◆ Your objective ◆
Produce as output only the lines below starting at the line with "20) tree (1018,424,1059,508)" and continuing through the line with "0.216 15 43 5", each one exactly as written.

(Stored items)
=====
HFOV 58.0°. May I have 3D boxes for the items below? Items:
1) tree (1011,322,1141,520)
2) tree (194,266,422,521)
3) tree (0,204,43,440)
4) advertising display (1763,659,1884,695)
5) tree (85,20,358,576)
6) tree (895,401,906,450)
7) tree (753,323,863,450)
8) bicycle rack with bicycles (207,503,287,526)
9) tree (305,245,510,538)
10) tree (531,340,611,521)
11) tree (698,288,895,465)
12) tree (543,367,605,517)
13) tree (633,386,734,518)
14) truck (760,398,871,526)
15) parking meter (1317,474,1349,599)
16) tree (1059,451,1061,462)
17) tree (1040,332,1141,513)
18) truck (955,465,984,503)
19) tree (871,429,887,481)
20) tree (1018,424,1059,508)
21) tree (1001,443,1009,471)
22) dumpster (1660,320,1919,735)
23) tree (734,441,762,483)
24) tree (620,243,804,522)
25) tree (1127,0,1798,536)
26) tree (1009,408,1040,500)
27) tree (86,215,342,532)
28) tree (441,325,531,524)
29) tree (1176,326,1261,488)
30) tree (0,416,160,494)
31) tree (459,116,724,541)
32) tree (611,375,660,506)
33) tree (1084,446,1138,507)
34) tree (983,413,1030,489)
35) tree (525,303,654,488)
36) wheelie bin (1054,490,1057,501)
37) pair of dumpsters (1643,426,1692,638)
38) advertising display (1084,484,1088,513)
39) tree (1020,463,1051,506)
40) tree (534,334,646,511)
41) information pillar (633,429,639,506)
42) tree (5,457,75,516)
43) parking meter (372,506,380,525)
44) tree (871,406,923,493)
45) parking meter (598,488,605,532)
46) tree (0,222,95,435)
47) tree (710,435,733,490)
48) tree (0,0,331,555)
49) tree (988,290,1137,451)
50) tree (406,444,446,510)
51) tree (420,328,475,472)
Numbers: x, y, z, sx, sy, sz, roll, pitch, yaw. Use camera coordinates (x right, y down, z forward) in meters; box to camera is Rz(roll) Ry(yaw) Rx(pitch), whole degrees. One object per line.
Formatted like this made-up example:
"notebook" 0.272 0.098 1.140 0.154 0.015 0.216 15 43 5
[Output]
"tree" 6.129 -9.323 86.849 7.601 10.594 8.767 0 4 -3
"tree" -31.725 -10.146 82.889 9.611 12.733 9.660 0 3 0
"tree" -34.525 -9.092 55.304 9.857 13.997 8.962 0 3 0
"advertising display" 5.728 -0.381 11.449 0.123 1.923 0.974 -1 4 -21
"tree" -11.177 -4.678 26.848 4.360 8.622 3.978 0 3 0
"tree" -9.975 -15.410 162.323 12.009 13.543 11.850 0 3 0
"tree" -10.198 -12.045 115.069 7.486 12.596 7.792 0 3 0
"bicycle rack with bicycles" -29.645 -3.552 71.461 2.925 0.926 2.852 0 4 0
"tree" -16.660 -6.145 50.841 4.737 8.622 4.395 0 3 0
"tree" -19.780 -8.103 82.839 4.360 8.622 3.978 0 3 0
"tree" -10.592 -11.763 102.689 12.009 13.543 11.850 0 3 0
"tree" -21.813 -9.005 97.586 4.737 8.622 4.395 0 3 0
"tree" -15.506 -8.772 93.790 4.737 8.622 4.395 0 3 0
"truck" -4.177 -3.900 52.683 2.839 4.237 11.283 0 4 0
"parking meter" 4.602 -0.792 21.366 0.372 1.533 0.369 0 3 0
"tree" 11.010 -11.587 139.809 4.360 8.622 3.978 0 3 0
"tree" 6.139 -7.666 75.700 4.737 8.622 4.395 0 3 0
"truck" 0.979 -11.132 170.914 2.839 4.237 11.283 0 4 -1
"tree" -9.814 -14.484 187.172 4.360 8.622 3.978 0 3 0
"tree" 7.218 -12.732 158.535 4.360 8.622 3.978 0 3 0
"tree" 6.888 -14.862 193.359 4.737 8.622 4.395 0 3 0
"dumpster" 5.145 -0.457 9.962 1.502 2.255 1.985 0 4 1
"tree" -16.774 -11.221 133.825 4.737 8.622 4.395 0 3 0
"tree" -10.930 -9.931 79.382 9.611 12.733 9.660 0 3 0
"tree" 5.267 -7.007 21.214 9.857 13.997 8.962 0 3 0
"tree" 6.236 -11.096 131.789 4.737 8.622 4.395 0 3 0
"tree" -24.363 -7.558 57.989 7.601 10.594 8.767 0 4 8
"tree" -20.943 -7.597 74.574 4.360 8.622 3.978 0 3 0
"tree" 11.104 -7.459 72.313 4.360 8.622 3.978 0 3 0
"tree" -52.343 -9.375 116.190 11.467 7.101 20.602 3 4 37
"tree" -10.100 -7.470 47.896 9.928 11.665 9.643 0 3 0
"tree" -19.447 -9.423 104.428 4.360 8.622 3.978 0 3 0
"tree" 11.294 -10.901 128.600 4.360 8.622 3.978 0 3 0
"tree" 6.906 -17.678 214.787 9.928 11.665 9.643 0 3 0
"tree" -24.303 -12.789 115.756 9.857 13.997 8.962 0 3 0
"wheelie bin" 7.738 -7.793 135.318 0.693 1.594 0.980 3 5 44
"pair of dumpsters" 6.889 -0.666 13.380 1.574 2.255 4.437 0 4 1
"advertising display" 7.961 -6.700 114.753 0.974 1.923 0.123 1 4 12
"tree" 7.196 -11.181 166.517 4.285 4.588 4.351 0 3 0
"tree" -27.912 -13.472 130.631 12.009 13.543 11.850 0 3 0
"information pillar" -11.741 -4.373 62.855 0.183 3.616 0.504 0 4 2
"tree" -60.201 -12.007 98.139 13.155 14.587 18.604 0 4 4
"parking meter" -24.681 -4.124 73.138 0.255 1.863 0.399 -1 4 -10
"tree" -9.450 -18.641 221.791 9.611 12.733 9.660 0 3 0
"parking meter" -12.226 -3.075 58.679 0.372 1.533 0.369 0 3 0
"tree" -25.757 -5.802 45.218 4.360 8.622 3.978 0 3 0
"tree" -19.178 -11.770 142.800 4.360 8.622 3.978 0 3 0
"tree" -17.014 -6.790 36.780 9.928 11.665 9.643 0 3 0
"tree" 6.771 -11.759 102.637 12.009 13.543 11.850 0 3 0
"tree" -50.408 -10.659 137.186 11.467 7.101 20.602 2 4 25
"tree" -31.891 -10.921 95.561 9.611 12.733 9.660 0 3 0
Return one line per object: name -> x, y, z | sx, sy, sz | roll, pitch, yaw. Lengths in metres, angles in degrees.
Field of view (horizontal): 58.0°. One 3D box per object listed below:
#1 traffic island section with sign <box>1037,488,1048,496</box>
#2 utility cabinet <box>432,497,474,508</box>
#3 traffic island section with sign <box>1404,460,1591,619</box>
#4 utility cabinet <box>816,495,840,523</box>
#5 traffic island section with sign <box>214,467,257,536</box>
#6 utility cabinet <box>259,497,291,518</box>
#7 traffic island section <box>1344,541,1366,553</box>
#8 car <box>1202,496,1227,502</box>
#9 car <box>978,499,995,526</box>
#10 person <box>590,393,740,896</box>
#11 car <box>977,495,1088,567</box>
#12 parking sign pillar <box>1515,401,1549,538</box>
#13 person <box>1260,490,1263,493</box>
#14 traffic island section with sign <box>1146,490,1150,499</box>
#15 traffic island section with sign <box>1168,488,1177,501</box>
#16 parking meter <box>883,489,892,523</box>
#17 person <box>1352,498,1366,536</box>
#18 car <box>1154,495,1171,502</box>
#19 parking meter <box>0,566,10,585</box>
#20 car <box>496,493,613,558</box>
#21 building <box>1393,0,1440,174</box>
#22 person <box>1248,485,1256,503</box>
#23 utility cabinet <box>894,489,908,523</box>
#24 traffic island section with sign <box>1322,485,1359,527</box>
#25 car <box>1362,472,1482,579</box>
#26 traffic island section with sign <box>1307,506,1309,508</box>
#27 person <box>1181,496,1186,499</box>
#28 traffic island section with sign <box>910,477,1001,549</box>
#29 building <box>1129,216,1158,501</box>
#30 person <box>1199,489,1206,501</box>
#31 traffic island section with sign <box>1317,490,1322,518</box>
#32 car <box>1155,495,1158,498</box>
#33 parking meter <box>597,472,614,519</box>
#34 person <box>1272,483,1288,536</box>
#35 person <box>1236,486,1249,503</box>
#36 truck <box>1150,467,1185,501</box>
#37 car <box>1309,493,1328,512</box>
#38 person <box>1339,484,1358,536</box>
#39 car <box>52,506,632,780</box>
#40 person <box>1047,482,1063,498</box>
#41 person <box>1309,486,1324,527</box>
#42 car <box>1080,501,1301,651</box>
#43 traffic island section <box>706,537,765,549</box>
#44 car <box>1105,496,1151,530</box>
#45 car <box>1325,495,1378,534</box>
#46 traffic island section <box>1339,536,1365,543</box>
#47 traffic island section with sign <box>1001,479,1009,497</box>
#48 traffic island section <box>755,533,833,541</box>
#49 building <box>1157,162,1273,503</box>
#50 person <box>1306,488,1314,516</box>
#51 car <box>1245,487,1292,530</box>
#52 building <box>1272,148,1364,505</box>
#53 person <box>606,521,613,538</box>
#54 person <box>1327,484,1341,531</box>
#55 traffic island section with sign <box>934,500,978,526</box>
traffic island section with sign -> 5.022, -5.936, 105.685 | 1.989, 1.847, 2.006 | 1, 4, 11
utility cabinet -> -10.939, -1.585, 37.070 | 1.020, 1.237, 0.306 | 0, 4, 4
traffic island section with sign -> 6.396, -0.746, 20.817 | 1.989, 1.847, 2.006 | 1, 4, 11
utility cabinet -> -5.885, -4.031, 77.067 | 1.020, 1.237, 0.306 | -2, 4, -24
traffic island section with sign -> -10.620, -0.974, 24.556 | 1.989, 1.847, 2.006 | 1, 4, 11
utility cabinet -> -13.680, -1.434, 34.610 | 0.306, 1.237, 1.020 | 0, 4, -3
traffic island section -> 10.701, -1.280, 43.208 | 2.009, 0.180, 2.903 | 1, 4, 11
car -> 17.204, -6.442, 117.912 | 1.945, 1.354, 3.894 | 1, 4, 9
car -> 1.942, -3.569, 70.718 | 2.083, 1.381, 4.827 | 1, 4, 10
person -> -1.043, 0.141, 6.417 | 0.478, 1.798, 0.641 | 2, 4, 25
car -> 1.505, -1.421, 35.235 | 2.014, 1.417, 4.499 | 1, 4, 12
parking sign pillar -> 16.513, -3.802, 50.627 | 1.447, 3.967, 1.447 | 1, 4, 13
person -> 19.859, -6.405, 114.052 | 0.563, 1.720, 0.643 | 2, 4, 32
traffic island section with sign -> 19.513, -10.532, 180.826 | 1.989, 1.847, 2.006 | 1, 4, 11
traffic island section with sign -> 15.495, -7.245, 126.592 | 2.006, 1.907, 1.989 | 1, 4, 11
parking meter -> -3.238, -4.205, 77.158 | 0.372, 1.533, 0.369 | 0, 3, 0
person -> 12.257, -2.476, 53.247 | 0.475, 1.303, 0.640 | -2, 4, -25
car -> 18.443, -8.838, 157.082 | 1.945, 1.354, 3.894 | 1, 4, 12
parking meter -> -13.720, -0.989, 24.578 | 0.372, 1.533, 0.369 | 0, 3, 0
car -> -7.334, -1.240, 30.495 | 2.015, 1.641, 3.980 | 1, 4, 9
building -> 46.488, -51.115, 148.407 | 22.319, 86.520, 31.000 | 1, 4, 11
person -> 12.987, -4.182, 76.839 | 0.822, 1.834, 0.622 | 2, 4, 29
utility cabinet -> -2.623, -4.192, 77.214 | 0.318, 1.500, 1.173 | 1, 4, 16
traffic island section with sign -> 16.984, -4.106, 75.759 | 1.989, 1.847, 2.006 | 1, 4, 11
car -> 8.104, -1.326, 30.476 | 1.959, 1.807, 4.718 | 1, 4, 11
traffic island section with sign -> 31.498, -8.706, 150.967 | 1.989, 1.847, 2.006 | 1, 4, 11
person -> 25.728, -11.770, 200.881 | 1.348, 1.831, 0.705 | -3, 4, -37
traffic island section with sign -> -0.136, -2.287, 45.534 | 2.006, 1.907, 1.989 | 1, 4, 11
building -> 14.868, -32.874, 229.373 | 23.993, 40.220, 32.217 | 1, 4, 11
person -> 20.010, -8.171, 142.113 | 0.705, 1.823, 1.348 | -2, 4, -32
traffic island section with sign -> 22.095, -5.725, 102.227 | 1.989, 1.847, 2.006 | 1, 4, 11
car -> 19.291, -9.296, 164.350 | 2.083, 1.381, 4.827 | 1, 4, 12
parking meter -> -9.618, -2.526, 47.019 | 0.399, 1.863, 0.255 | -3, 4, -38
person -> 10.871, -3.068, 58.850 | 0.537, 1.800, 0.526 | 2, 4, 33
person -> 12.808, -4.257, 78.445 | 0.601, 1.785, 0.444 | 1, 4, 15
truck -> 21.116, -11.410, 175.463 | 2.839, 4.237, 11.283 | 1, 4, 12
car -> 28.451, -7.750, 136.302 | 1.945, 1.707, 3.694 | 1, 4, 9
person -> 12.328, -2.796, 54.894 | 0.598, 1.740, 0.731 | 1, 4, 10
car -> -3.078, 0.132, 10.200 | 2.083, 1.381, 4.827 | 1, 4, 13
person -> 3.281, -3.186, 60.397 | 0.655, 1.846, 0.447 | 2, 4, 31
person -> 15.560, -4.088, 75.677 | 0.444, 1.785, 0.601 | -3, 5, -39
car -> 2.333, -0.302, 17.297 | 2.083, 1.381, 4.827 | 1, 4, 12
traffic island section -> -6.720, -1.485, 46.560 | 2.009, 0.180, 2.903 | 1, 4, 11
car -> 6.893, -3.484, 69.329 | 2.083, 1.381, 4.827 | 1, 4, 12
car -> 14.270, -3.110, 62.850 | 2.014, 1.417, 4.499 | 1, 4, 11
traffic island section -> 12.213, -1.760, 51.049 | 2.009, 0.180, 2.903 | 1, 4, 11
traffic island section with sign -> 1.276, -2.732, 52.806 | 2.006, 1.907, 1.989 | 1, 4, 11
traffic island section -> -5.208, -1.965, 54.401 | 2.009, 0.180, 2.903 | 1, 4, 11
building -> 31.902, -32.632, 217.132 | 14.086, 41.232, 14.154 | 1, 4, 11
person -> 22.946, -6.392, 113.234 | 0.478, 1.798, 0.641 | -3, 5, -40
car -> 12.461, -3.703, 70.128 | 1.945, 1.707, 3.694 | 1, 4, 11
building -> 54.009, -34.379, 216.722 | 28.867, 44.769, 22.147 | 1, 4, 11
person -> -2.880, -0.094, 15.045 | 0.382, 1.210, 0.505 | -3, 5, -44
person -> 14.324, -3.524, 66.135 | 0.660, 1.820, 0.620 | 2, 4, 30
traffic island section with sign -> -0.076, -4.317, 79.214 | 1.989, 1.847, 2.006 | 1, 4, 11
=====
◆ Reply to the task ◆
20) tree (1018,424,1059,508)
21) tree (1001,443,1009,471)
22) dumpster (1660,320,1919,735)
23) tree (734,441,762,483)
24) tree (620,243,804,522)
25) tree (1127,0,1798,536)
26) tree (1009,408,1040,500)
27) tree (86,215,342,532)
28) tree (441,325,531,524)
29) tree (1176,326,1261,488)
30) tree (0,416,160,494)
31) tree (459,116,724,541)
32) tree (611,375,660,506)
33) tree (1084,446,1138,507)
34) tree (983,413,1030,489)
35) tree (525,303,654,488)
36) wheelie bin (1054,490,1057,501)
37) pair of dumpsters (1643,426,1692,638)
38) advertising display (1084,484,1088,513)
39) tree (1020,463,1051,506)
40) tree (534,334,646,511)
41) information pillar (633,429,639,506)
42) tree (5,457,75,516)
43) parking meter (372,506,380,525)
44) tree (871,406,923,493)
45) parking meter (598,488,605,532)
46) tree (0,222,95,435)
47) tree (710,435,733,490)
48) tree (0,0,331,555)
49) tree (988,290,1137,451)
50) tree (406,444,446,510)
51) tree (420,328,475,472)
Numbers: x, y, z, sx, sy, sz, roll, pitch, yaw. Use camera coordinates (x right, y down, z forward) in meters; box to camera is Rz(roll) Ry(yaw) Rx(pitch), whole degrees. One object per line.
Formatted like this made-up example:
"notebook" 0.272 0.098 1.140 0.154 0.015 0.216 15 43 5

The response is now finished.